I am not certain how to do this. Finding out how ought to be one of the central tasks of the hearings on welfare reform that presumably will occur in the next Congress. The welfare money returned to the states might be supplemented with challenge grants to help pay for innovative programs. Opportunities might be provided for pooling housing subsidies and welfare checks so as to permit more extensive interventions.

Even if the states should prove themselves unimaginative or listless, there are philosophical reasons for making what is now called welfare a state responsibility supported in part by federal funds. To the extent that welfare involves income redistribution, it is properly a national duty. But to the extent that it involves character development, it is a local one. When it comes to defining the essential features of a decent family life and prescribing the desirable guidelines for child care, the clearest, most authentic voices will be those of friends and neighbors, not those of policy analysts and distant legislators. The more precisely we attune the design of child care to the central message of the communal voices, the more likely we are to make progress.

Though philosophical as well as practical considerations suggest state and local experimentation, we must be prepared for the possibility that nothing we do by plan will make a large difference in the life chances of at-risk children. We are experiencing the working out of a massive cultural shift that has been under way for many decades—indeed, for most of this century. That cultural shift has as its central feature the emancipation of the individual from the restraints of tradition, community, and government. Most of us have benefited greatly from the freedom and opportunity that have resulted. And most of us have paid only a modest price for these benefits: we may have children who wear odd clothes, hear music that conveys a frenetic mindlessness, and confront media that are increasingly vulgar. We can endure these things; some, forever adolescent, even enjoy them.

But those among us who are for any reason especially lacking in internal restraints and thus especially vulnerable to cultural shifts have paid a very high price. Sex has been divorced from commitment, child rearing separated from family life, escapism extended to drug abuse, and entry-level work redefined as demeaning. This is not a uniquely racial problem or a uniquely American one; it is a feature of much of the industrialized West.

We must choose among three responses: await a moral reawakening, increase public safety, or try to rebuild the family lives of our most at-risk children. We should strive for all three, but with varying degrees of optimism. Moral revitalization may occur, but it will not occur by plan. Public safety can be enhanced, but the cost is high, and it will punish those people whose lives are already blighted and whose progeny are already set upon the wrong path. Remaking family life is equally costly and its prospects equally uncertain, but we have done it in the past. In Victorian England and Victorian America, countless organizations tried to save the children and did so on the basis of firm convictions as to what constitutes a decent family life.

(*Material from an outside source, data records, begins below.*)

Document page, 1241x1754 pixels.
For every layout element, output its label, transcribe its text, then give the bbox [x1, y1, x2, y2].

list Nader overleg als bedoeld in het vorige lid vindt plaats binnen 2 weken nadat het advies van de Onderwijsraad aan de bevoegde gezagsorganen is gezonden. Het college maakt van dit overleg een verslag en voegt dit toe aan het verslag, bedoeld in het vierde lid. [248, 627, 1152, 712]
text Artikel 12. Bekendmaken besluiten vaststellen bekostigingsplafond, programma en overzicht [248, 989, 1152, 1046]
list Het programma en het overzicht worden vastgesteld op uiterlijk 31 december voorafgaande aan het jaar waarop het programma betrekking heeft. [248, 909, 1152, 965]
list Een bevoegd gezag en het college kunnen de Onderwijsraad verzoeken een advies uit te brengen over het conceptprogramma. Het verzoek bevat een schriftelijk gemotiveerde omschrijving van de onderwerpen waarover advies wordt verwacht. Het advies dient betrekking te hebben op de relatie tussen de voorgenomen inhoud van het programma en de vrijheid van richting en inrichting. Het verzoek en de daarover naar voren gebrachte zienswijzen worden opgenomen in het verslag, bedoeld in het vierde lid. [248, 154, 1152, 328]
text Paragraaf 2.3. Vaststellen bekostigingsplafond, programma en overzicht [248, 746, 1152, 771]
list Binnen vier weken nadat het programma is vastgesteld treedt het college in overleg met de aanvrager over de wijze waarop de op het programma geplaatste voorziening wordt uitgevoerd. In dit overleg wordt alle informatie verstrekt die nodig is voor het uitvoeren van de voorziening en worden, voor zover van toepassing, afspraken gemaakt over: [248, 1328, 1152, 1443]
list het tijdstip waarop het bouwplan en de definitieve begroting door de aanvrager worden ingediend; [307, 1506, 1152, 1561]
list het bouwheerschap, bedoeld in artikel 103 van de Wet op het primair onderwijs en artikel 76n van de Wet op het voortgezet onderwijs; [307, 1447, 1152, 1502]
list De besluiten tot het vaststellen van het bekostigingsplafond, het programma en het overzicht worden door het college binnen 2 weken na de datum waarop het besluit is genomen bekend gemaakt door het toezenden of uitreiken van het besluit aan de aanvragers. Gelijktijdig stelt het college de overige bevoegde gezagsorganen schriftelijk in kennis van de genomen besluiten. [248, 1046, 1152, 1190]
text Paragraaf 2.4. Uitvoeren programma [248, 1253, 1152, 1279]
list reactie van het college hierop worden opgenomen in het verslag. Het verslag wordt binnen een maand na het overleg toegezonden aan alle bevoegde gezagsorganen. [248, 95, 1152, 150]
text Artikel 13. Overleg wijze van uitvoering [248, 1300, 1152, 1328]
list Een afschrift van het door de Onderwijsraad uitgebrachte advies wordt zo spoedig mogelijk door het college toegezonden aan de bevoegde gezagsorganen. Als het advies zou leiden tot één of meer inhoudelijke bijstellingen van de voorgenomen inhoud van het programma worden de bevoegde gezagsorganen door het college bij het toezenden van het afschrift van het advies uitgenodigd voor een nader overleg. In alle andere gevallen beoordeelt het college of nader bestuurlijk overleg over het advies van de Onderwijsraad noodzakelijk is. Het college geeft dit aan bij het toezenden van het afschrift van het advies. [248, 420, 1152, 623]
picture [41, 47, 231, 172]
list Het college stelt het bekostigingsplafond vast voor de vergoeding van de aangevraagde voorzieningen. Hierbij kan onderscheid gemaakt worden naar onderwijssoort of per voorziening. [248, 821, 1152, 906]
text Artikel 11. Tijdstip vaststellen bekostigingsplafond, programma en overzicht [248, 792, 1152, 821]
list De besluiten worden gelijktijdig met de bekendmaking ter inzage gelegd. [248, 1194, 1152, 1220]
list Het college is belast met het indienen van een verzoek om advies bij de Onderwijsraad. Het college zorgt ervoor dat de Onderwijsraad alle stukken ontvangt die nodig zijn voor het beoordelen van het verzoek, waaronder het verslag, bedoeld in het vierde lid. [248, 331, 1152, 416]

We have to some degree abandoned the effort, and the moral convictions that underlie it, in favor of something we now call, disdainfully, welfare. We have replaced our desire to save children with a desire to end either poverty or dependency. Poverty and dependency are social ills, but there are poor and dependent families who raise decent children.

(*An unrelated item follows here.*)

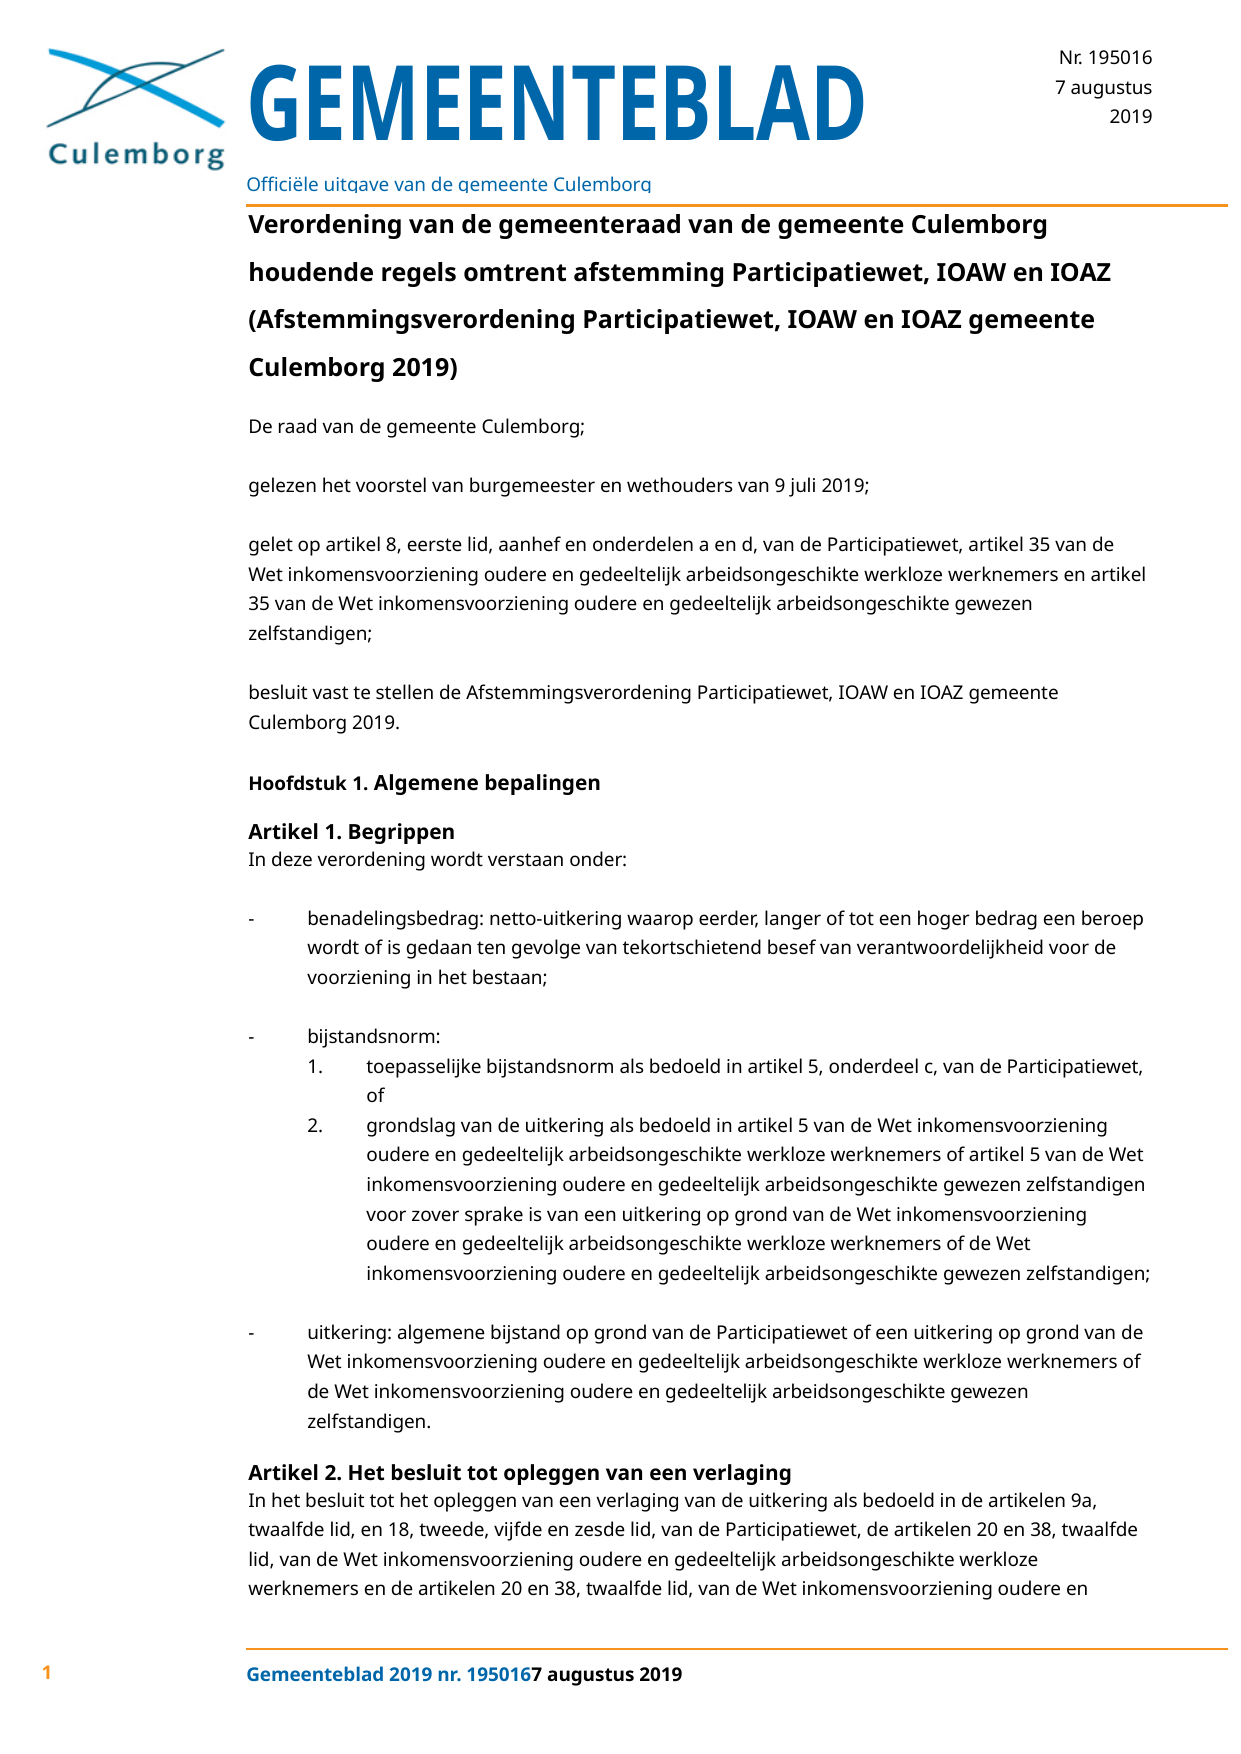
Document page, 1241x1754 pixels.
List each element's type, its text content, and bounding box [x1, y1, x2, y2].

What we call problems shapes how we approach them. Let us stop calling our problem welfare, where young mothers are involved. We ought to be talking about saving the children. If we reduce poverty or dependency and still allow incompetent parents to raise vulnerable children, we will succeed only in finding a new route to the false utopia that Karl Marx held out to us: a world without want or subservience, but also one without virtue, or decency, or self-respect.